Когда в результате предательства и обмана, пока я лежал в кагорской больнице, вышла в свет моя первая рукопись, я стал протестовать. Я был уверен, что все это подстроил Тонтон-Макут, в надежде, что книжка будет хорошо продаваться и я смогу сам оплачивать свое лечение, и еще потому, что он всегда хотел, чтобы я стал таким же, как он, соглашателем, словесным подпевалой, словесным прихлебалой, потому что слова – дело доходное.
Я все отрицал. Вопил, что пишу только для того, чтобы у меня было меньше проблем, чтобы избежать химиотерапии. Но в итоге я решил, что будет безопаснее разрешить публикацию, а то еще обвинят в бредовом идеализме с элементами мечтательности и мессианства. Я, кстати, из предосторожности поставил под первым договором чужую фамилию, чтобы меня не вычислили. Бывает такая невидимая и вездесущая полиция, готовая наброситься на вас при первом признаке существования и нашпиговать судьбой по самые помидоры. Одновременно я мог ловко использовать себя для попятного маневра в нужном направлении: стать писателем, чего я не хотел ни за что на свете, потому что это было мое сокровенное желание. Мне пришлось работать не покладая рук, чтобы перевести чувство вины в мастурбацию, которая официально признана главным подручным источником чувства вины и потому представляет отличное алиби.
Весь ужас моего положения проистекает из того, что я все ясно понимаю. Любой кретин психиатр скажет, что здравый ум – самый распространенный признак людей, страдающих депрессией.
Но будьте уверены, я им задал нелегкую задачку. Большинство обследовавших меня психиатров уходили от меня с полной уверенностью, что у них паранойя и мания величия, потому что они воображают, что они люди, человеки с большой буквы, с четырьмя лапами и мордой, которая вынюхивает разницу между дерьмом и кровью. Я навожу на них такую жажду почестей, что они уходят от меня убежденные, моими усилиями, в собственной человечности.
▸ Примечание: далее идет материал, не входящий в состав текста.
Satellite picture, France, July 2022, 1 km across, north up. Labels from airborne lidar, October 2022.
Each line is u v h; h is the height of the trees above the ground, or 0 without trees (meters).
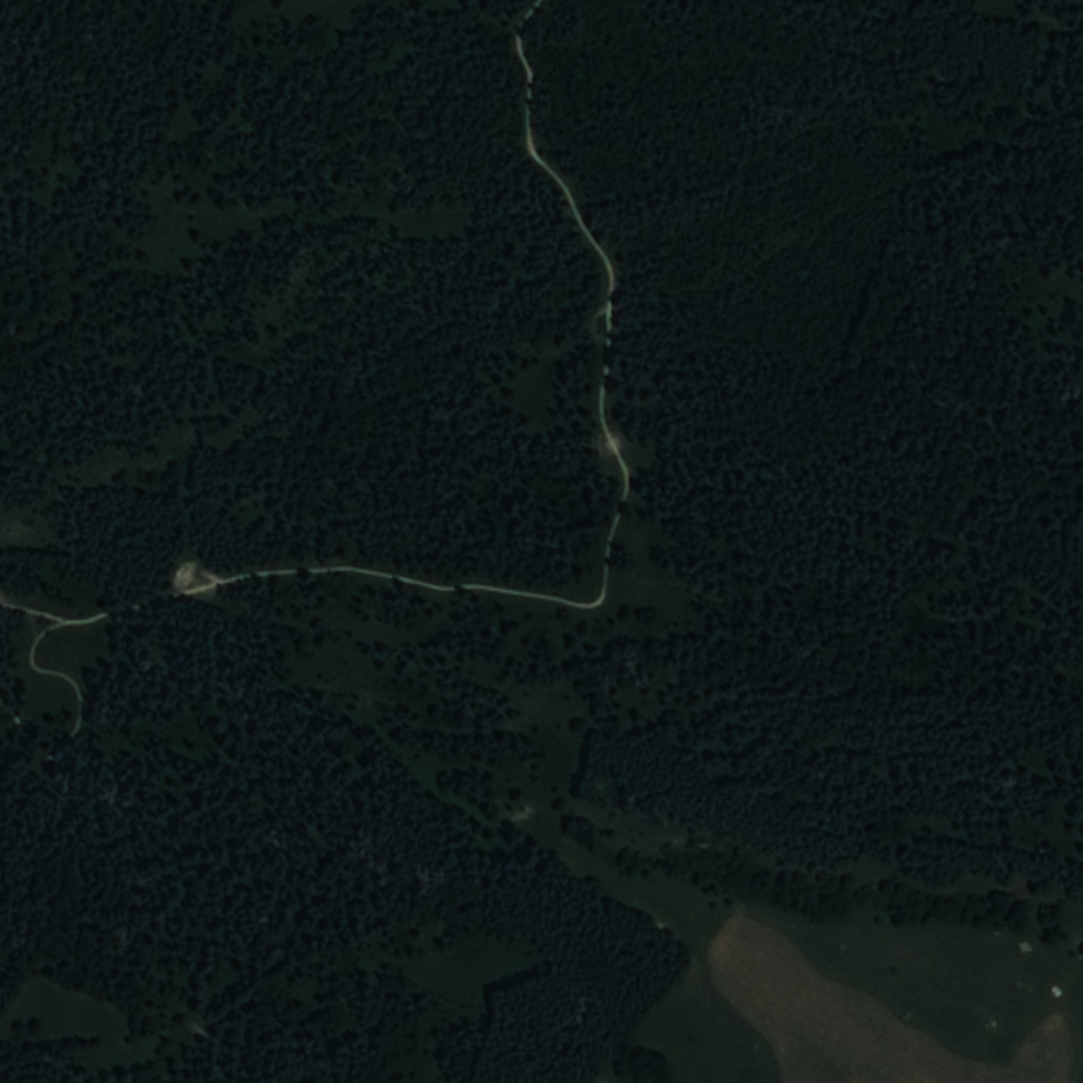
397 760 6
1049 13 15
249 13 0
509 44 10
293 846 28
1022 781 20
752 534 24
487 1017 6
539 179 19
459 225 0
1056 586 29
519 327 15
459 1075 18
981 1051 0
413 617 8
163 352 22
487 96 19
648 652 20
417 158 10
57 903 27
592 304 10
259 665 11
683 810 18
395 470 25
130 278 20
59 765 15
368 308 8
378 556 23
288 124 13
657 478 8
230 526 20
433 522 25
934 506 20
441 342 18
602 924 26
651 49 6
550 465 8
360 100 20
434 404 12
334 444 16
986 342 20
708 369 10
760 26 8
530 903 18
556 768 0
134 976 14
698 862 6
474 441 20
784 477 27
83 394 8
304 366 12
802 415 18
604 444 0
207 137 22
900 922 21
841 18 16
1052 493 16
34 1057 21
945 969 0
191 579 0
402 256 24
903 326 21
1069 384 23
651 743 18
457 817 31
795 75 10
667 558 15
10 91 21
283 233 9
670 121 6
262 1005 19
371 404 10
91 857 25
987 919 12
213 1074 28
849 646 18
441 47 19
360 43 6
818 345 7
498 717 19
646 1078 12
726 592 23
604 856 0
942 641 24
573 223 13
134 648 29
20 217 21
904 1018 0
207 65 24
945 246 11
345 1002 17
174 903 24
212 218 0
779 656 23
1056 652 25
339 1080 18
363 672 0
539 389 0
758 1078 0
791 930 0
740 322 6
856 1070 0
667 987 26
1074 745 25
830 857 18
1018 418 20
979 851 22
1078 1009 0
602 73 8
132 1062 0
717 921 0
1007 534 17
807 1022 0
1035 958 0
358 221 18
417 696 7
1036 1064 0
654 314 13
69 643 0
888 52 10
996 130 25
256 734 24
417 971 0
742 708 21
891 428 24
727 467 25
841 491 16
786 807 23
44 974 12
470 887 29
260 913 25
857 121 7
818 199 5
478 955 0
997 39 21
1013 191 22
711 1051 0
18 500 16
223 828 19
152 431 15
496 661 17
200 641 30
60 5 20
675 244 9
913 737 21
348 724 21
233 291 22
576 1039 28
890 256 24
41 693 0
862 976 0
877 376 22
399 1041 21
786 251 8
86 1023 0
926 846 24
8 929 23
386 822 25
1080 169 19
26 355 16
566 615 12
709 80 8
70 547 18
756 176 8
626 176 6
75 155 12
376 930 24
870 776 22
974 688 8
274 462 21
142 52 10

Извините, что так ору, просто я в данный момент окружен полицейскими, которые быстро выдвигают пожарные лестницы и вот-вот дотянутся до меня вооруженными агентами, воем сирен и ружьями с оптическим прицелом, меня вот-вот застанут на месте преступления направленные в Каньяк с этой целью журналисты. Вроде бы я получил Гонкуровскую премию, без дураков. Во-первых, я даже не знал, что есть такая премия, Гонкуровская. Это раз. Потом я отвел свою кандидатуру на присуждение Гонкуровской премии накануне голосования. Это два. И наконец, меня предал Тонтон-Макут, и я это прямо сейчас докажу. Вот вам и три.
Вокруг бродят телекамеры и готовятся сенсации. Завтра скажут, что я взял самое дорогое, свою мать, умершую в страшных мучениях и слишком медленно от склероза сосудов мозга в кагорской больнице, и сделал на ней книгу и литературную премию.
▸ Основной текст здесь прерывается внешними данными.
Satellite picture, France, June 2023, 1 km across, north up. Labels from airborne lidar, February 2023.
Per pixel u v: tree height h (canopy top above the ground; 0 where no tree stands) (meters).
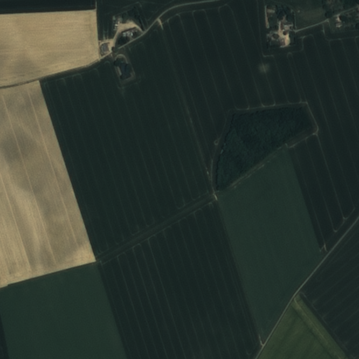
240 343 0
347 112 0
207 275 0
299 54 0
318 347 0
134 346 0
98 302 0
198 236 0
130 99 0
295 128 21
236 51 0
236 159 17
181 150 0
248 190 0
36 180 0
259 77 0
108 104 0
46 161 0
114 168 0
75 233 0
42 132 0
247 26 0
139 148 0
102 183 0
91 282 0
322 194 0
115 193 0
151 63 0
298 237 0
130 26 0
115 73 0
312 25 0
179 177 0
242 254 0
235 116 13
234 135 20
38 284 0
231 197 0
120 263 0
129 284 0
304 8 0
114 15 0
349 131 0
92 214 0
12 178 0
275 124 22
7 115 0
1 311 0
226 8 0
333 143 0
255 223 0
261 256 0
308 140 0
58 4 0
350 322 0
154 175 0
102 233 0
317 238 0
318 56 0
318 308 0
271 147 19
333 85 0
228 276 0
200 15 0
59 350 0
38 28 0
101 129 0
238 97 0
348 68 0
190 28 0
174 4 0
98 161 0
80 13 0
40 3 0
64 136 0
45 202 0
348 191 0
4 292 0
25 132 0
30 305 0
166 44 0
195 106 0
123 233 0
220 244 0
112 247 0
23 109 0
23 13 0
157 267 0
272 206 0
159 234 0
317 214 0
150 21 0
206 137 0
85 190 0
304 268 0
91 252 0
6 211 0
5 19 0
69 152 0
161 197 0
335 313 0
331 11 6
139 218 0
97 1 0
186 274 0
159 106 0
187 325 0
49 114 0
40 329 0
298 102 0
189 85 0
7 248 0
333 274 0
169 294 0
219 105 0
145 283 0
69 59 0
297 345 0
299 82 0
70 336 0
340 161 0
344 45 0
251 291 0
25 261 0
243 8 0
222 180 15
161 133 0
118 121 0
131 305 0
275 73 0
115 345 0
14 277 0
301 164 0
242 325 0
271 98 0
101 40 0
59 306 0
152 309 0
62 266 0
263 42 0
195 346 0
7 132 0
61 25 0
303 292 0
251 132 19
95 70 0
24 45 0
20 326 0
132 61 0
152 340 0
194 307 0
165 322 0
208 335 0
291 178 0
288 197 0
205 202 0
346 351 0
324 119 0
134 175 0
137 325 0
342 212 0

Я потерял голову. Я полностью распался на куски из-за слишком хорошей видимости, но, к счастью, правая рука осталась за мной, она держит ручку, и, как видите, я продолжаю писать, потому что когда я пишу, то нахожу временное укрытие от безответственных психических элементов. Голову я сохранять за собой не хотел – все равно она не моя. Я ношу лицо взрослого человека.
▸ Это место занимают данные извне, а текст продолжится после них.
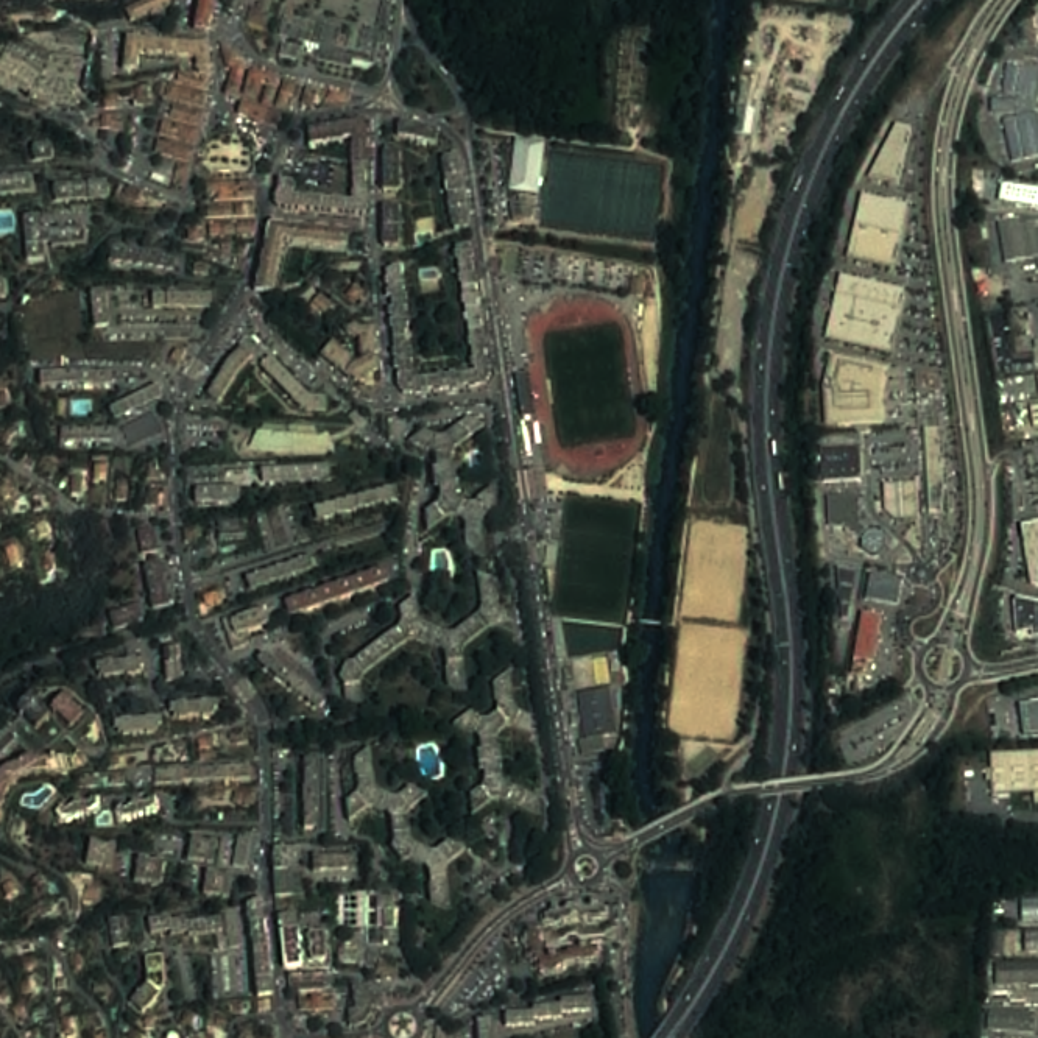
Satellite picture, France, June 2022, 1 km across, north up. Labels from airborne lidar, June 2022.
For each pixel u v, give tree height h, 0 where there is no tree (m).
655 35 7
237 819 0
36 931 7
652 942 0
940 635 0
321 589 0
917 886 5
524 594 12
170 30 15
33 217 0
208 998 14
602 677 0
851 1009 0
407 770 17
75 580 9
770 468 0
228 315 0
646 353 0
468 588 16
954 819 18
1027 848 17
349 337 12
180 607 10
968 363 0
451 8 20
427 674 15
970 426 0
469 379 0
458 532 16
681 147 17
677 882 0
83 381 0
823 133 0
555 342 0
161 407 9
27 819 6
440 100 0
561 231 0
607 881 0
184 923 0
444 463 0
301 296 8
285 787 10
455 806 19
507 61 18
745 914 0
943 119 0
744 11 19
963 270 0
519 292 0
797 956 19
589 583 0
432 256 8
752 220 0
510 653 15
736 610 0
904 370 0
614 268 0
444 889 0
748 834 22
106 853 0
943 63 0
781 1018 11
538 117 13
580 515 0
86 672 13
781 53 0
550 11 8
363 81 6
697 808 0
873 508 0
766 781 12
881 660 0
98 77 8
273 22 6
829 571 9
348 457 0
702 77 20
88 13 9
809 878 18
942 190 0
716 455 0
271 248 0
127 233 11
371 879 7
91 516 12
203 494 0
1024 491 0
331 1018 0
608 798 0
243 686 0
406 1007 0
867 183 0
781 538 0
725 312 0
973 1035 13
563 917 0
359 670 0
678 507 12
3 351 13
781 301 0
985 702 0
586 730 0
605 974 10
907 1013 8
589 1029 10
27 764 0
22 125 13
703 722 0
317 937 0
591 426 0
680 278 19
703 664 0
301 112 0
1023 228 0
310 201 0
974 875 21
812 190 0
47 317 0
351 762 6
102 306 0
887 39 0
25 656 16
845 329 0
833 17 0
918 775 7
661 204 0
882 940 6
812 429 12
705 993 0
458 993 0
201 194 7
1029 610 0
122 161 10
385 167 0

Добавлю, что Тонтон-Макут утверждает, что эта исповедь, которую я пишу здесь, в департаменте Лот или, словом, где-то, будет мной немедленно превращена в книгу и все мои, так сказать, потроха пойдут в печать, но я так никогда не сделаю.
Он даже предложил мне пожить у него, если так мне удобней писать.

***
З адолго до Копенгагена я узнал про существование в психиатрии школы антипсихиатрии, которая направила мне свои предложения. Психиатры этого направления утверждают, что если по-другому устроить общество, семьи устроить по-другому, то – цитирую – такие случаи, как ваш, а также миллионы им подобных будут исключены. Я прекрасно понимаю этих антипсихиатров: надоели им такие случаи, как наш, они хотят, чтоб случай был другой. Им нужно что-то новенькое. Они хотят поменять общество, чтобы поменять этот сучий случай. Здесь раздается мой безумный хохот, ха-ха-ха, потому что чего слова точно не выносят, так это каламбуров и словесной игры: так недолго и проиграться. Отнимите у слов серьезный вид, их пустоту и как бы вроде нечто, и тогда им грозит здоровье и толстые красные щеки. Слова не выносят здоровья, потому что от него худо.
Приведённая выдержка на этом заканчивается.